Regression for temporal process responses and time-independent
covariate. Some covariates have time-varying coefficients while others
have time-independent coefficients.
Data availability indicator, a list of "lgtdl" objects.
x
Covariate matrix for time-varying coefficients.
xtv
A list of list of "lgtdl" for time-varying covariates with
time-varying coefficients.
z
NOT READY YET; Covariate matrix for time-independent coefficients.
ztv
NOT READY YET; A list of list of "lgtdl" for time-varying
covariates with time-independent coefficients.
w
Weight vector with the same length of tis.
tis
A vector of time points at which the model is to be fitted.
family
Specification of the response distribution; see
family for glm; this argument is used in getting
initial estimates.
evstr
A list of two named components, link function and
variance function.
link: 1 = identity, 2 = logit, 3 = probit, 4 = cloglog, 5 = log;
v: 1 = gaussian, 2 = binomial, 3 = poisson
alpha
A matrix supplying initial values of alpha.
theta
A numeric vector supplying initial values of theta.
tidx
indices for time points used to get initial values.
kernstr
A list of two names components:
kern: 1 = Epanechnikov, 2 = triangular, 0 = uniform;
band: bandwidth
control
A list of named components:
maxit: maximum number of iterations;
tol: tolerance level of iterations.
smooth: 1 = smoothing; 0 = no smoothing.
Details
This rapper function can be made more user-friendly in the future.
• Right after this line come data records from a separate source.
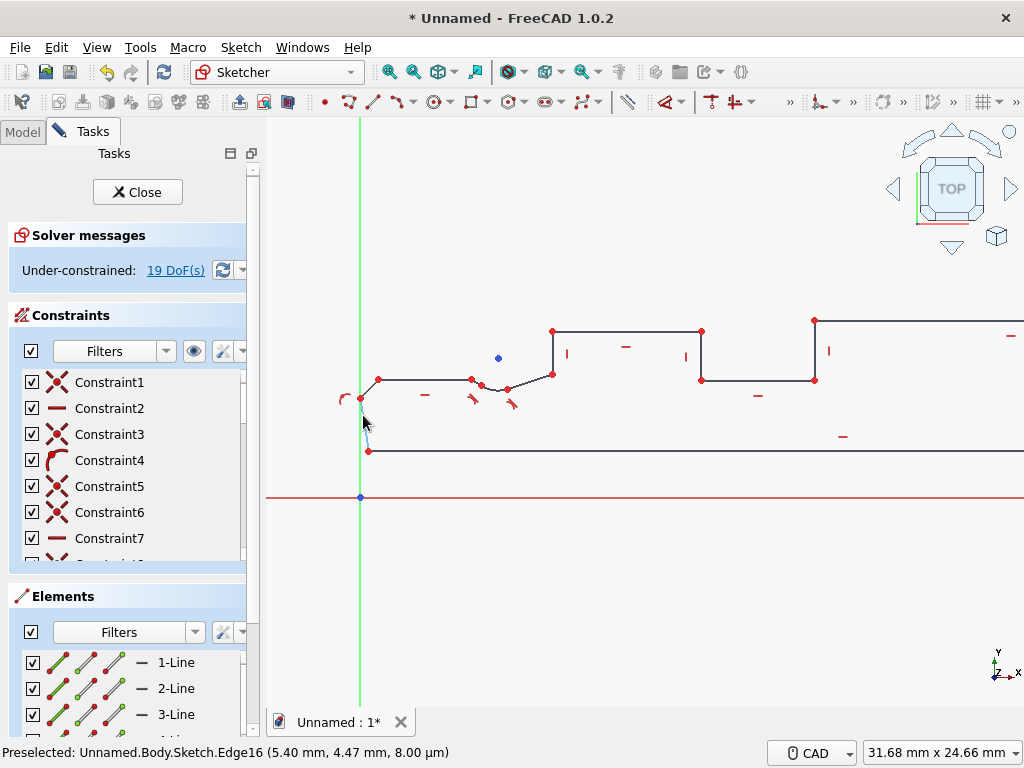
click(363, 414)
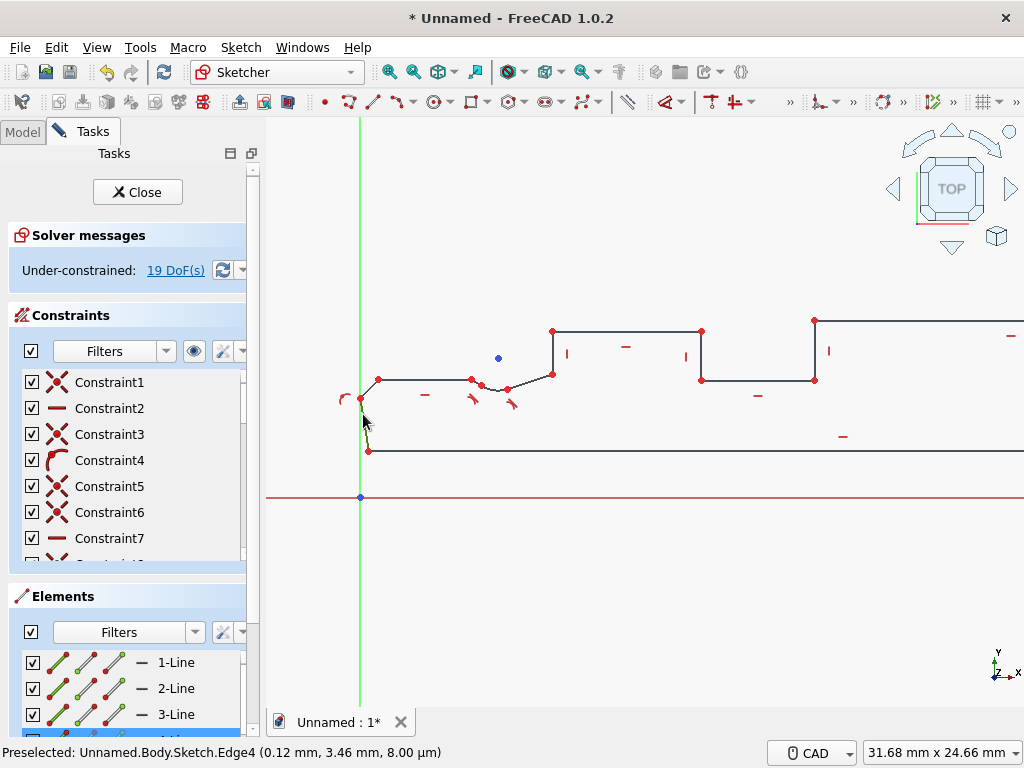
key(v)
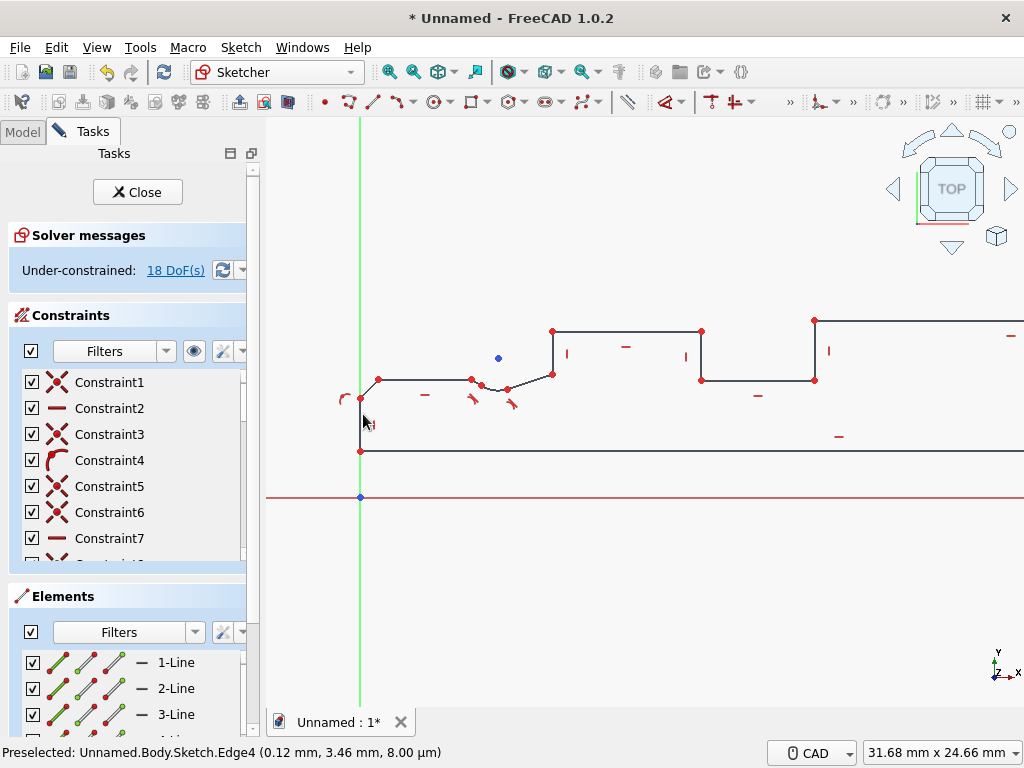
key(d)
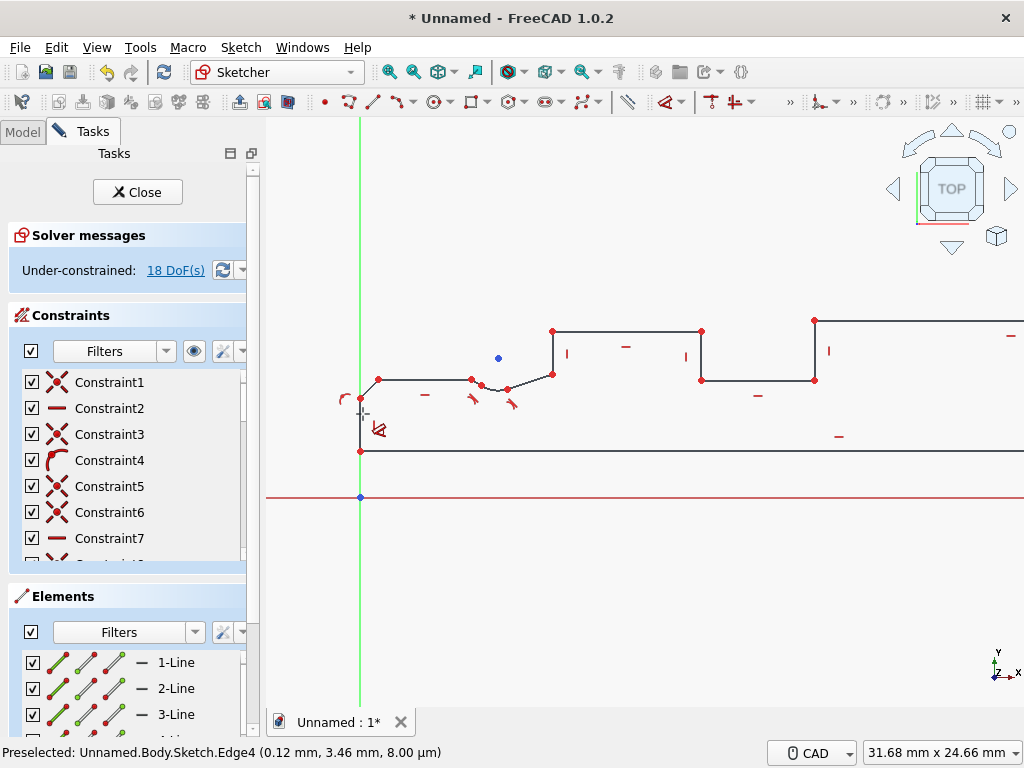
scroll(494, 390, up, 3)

For
example, evstr can be determined from the family argument.
Value
An object of class "tpr":
tis
same as the input argument
alpha
estimate of time-varying coefficients
beta
estimate of time-independent coefficients
valpha
a matrix of variance of alpha at tis
vbeta
a matrix of variance of beta at tis
niter
the number of iterations used
infAlpha
a list of influence functions for alpha
infBeta
a matrix of influence functions for beta
Author(s)
Jun Yan <jyan@stat.uconn.edu>
References
Fine, Yan, and Kosorok (2004). Temporal Process
Regression. Biometrika.
Yan and Huang (2009). Partly Functional Temporal Process Regression
with Semiparametric Profile Estimating Functions. Biometrics.